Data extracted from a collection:
::::::::::

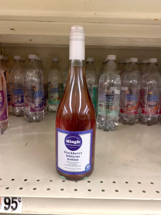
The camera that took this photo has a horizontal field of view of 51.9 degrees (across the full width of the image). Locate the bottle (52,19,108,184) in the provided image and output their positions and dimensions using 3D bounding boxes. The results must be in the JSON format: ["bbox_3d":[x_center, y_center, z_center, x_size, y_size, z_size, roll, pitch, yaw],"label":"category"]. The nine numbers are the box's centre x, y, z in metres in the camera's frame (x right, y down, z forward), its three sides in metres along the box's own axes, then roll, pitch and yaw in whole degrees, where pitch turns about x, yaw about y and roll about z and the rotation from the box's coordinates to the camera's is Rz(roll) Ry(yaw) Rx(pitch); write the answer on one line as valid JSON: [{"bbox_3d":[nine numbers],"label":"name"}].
[{"bbox_3d":[0.000,-0.005,0.338,0.090,0.299,0.080,3,13,6],"label":"bottle"}]
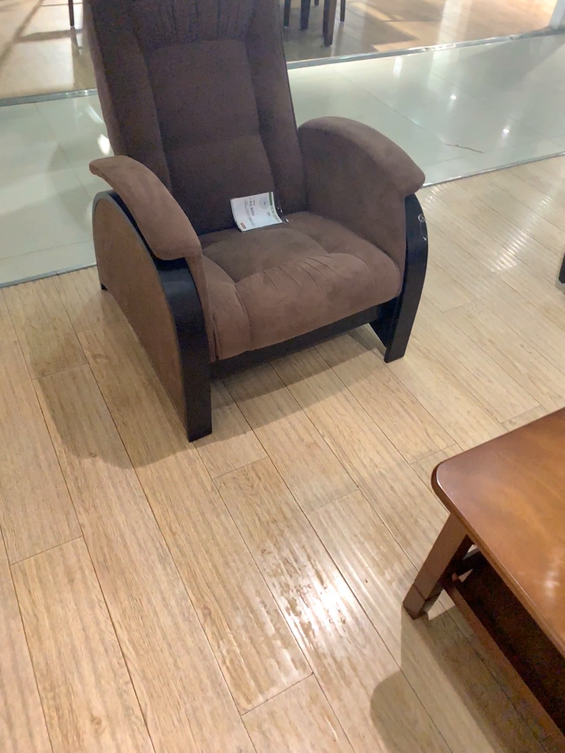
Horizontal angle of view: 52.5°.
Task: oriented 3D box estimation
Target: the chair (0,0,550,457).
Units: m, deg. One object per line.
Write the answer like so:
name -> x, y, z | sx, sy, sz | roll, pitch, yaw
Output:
chair -> -0.112, -0.562, 1.548 | 0.801, 0.886, 1.003 | -21, 52, -23
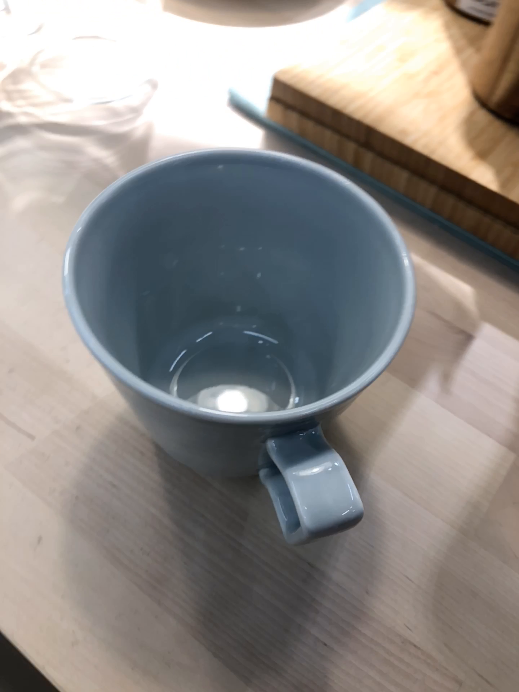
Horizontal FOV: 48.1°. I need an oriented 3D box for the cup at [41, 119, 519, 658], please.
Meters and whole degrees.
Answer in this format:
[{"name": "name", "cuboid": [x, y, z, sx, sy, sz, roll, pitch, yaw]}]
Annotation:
[{"name": "cup", "cuboid": [0.000, 0.007, 0.198, 0.110, 0.080, 0.141, -13, 58, -13]}]
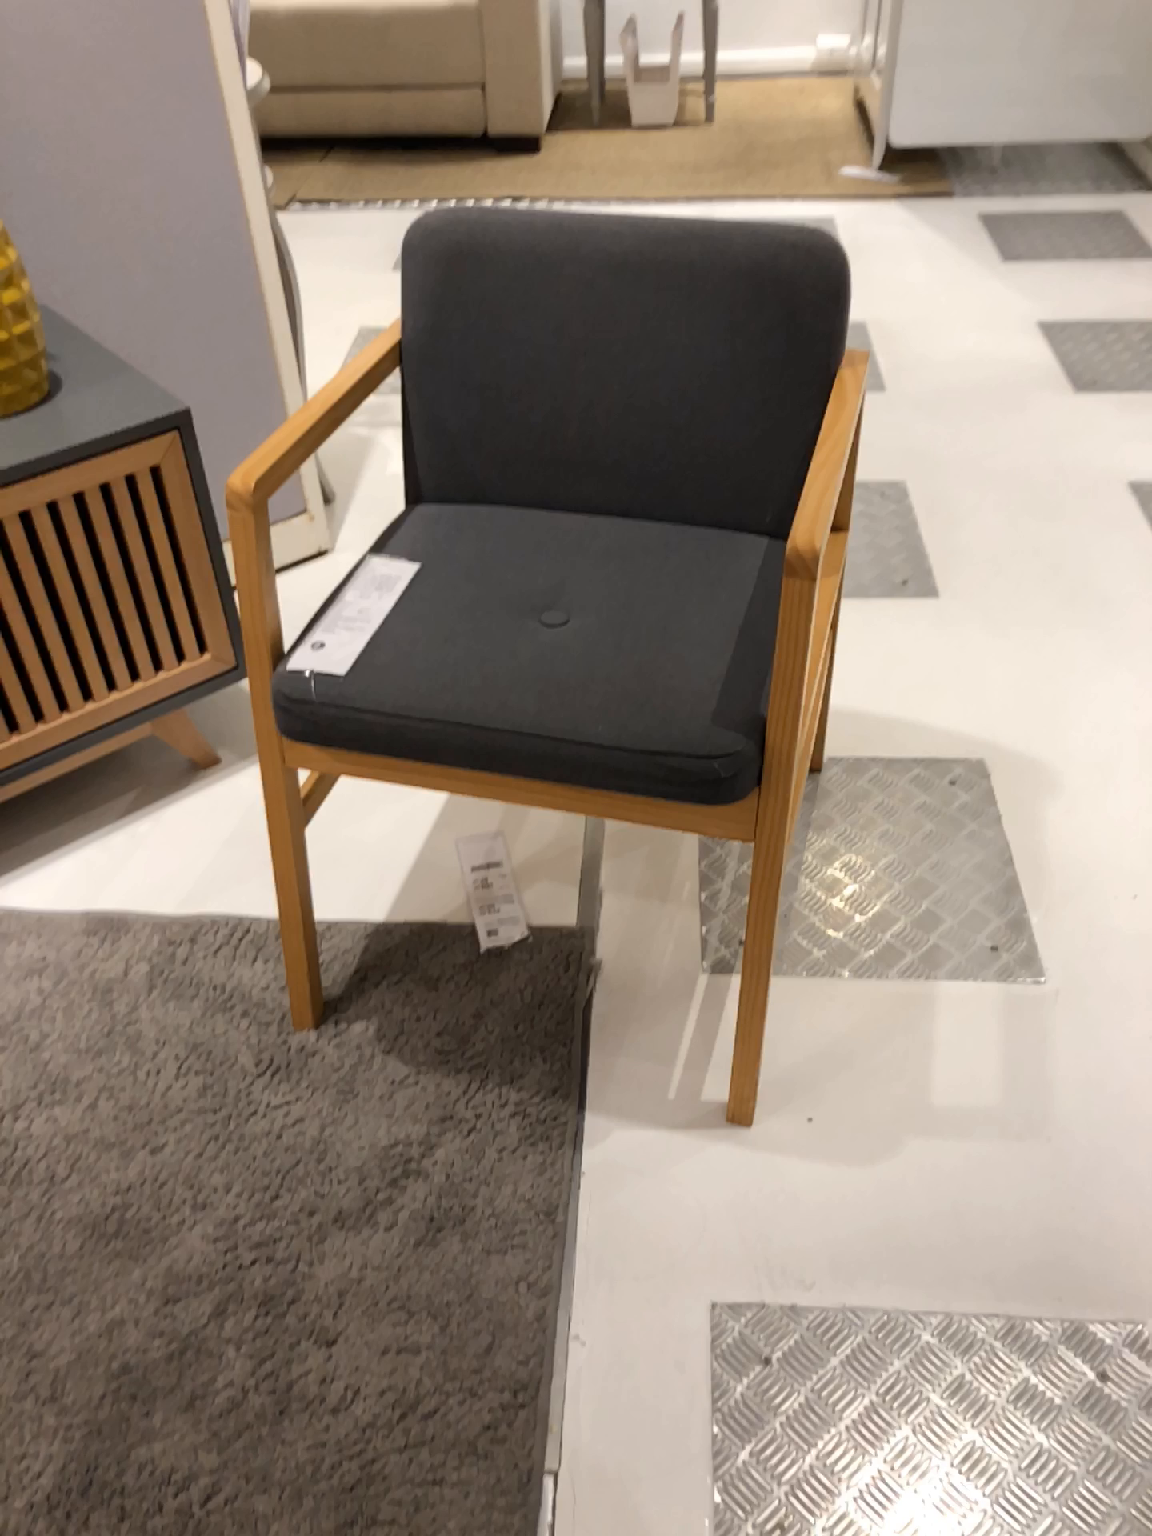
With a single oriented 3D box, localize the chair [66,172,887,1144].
[{"bbox_3d":[-0.013,-0.155,1.391,0.560,0.735,0.705,8,41,13],"label":"chair"}]

::::::::::

Work required: Output every line of the records above unchanged, and keep the pictures out.

Written reply:
The camera that took this photo has a horizontal field of view of 51.9 degrees (across the full width of the image). Locate the bottle (52,19,108,184) in the provided image and output their positions and dimensions using 3D bounding boxes. The results must be in the JSON format: ["bbox_3d":[x_center, y_center, z_center, x_size, y_size, z_size, roll, pitch, yaw],"label":"category"]. The nine numbers are the box's centre x, y, z in metres in the camera's frame (x right, y down, z forward), its three sides in metres along the box's own axes, then roll, pitch and yaw in whole degrees, where pitch turns about x, yaw about y and roll about z and the rotation from the box's coordinates to the camera's is Rz(roll) Ry(yaw) Rx(pitch); write the answer on one line as valid JSON: [{"bbox_3d":[nine numbers],"label":"name"}].
[{"bbox_3d":[0.000,-0.005,0.338,0.090,0.299,0.080,3,13,6],"label":"bottle"}]
Horizontal angle of view: 52.5°.
Task: oriented 3D box estimation
Target: the chair (0,0,550,457).
Units: m, deg. One object per line.
Write the answer like so:
name -> x, y, z | sx, sy, sz | roll, pitch, yaw
Output:
chair -> -0.112, -0.562, 1.548 | 0.801, 0.886, 1.003 | -21, 52, -23
Horizontal FOV: 48.1°. I need an oriented 3D box for the cup at [41, 119, 519, 658], please.
Meters and whole degrees.
Answer in this format:
[{"name": "name", "cuboid": [x, y, z, sx, sy, sz, roll, pitch, yaw]}]
Annotation:
[{"name": "cup", "cuboid": [0.000, 0.007, 0.198, 0.110, 0.080, 0.141, -13, 58, -13]}]
With a single oriented 3D box, localize the chair [66,172,887,1144].
[{"bbox_3d":[-0.013,-0.155,1.391,0.560,0.735,0.705,8,41,13],"label":"chair"}]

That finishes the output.